The replication seems to be working well - but there currently isn't any locking taking place. I wonder if there is any way I could do this within the git protocol and keep everything protocol agnostic? A special branch containing a single ''lock'' file?
Imagin you have three teams around the world all working on the same project. For performance reasons and local management etc. they all need a local central repo to aid sharing between devs. BUT we want to keep these local repos upto date and more importantly the team that manages those servers don't want to deal with merge conflicts etc. - thats a devs job.
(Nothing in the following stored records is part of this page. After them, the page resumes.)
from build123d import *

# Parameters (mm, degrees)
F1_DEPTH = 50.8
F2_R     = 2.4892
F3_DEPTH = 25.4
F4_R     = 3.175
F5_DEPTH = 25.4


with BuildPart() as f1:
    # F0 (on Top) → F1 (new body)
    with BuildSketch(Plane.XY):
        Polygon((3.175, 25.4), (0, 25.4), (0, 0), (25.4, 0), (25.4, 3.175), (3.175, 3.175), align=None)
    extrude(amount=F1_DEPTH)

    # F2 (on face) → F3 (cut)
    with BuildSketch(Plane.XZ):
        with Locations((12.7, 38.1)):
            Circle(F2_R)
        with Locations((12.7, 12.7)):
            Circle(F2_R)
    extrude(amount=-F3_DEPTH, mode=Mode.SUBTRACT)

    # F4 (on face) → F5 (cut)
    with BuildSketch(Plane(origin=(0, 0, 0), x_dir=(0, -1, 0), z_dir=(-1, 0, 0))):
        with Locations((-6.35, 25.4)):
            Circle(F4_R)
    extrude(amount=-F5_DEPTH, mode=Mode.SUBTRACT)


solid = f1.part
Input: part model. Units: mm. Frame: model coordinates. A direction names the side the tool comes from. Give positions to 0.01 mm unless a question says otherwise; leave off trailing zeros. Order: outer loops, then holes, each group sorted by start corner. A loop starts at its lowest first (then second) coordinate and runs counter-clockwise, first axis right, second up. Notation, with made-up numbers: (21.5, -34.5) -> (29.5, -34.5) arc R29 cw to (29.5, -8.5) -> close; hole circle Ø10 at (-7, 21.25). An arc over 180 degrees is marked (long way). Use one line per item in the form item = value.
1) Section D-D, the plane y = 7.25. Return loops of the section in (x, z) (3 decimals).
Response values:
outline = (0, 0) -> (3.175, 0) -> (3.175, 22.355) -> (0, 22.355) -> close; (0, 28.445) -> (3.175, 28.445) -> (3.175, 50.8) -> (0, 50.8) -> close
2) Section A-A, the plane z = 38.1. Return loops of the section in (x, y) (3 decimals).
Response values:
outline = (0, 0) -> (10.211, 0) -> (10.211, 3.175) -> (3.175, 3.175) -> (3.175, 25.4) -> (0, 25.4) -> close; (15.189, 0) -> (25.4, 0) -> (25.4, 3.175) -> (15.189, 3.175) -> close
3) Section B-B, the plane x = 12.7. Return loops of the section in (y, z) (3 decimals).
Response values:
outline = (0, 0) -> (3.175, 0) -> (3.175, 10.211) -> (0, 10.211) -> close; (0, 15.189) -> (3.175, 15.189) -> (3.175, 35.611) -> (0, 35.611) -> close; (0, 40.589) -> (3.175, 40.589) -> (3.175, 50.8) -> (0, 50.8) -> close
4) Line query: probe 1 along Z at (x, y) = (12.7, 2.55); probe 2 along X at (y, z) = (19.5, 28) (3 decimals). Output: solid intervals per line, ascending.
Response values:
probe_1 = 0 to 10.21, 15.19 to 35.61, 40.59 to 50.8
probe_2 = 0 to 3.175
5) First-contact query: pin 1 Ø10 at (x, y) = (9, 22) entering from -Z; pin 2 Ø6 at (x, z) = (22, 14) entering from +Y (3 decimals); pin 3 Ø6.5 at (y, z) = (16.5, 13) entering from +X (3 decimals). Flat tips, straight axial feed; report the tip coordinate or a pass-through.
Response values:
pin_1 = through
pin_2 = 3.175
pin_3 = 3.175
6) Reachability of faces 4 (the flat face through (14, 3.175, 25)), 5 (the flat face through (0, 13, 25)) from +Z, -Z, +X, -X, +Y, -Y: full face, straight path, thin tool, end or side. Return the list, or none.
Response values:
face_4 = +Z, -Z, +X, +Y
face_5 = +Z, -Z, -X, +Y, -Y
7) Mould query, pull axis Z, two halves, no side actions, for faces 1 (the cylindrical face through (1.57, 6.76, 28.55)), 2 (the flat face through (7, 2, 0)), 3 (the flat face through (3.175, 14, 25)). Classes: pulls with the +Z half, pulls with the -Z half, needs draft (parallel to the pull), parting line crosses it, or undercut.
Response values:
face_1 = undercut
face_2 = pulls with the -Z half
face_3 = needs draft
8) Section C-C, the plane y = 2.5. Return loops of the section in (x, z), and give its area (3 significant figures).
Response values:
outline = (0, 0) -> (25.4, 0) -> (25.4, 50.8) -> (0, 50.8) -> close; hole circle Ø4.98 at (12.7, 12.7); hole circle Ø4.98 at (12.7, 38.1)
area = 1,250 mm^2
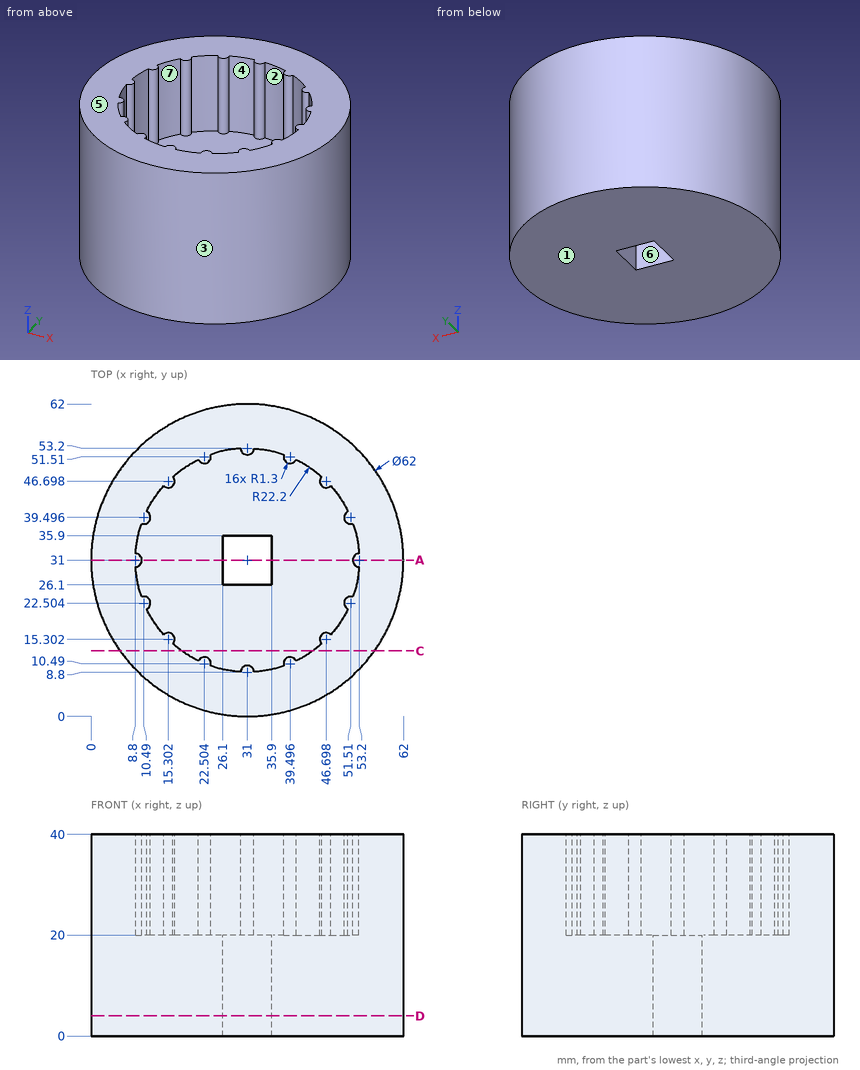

So the hooks within this repos allow you to do this:
---------- ----------
| Team A | <----------------------------------> | Team B |
---------- ----------
^ ^
| |
----------------------- ------------------------
| |
\/ \/
----------
| Team C |
----------
AND when anyone commits/merges/pushes to master on any of the "local repos" they automattically push the changes to the other "local repos". This could still give raise to merge conflicts though - so before the commit is even accepted locally (at the orginating "local repo") - its locks the other repos to prevent a simultaneous commit breaking everything!
Have a look in ''setup_test.sh'' - it setups up three repos (like the diagram above) and then commits to one of them and checks it made it across. TBH its pretty simple if you're familiar with git.
Nobody should manually push changes directly into the sync branch - its very important master and sync stay in lock-step.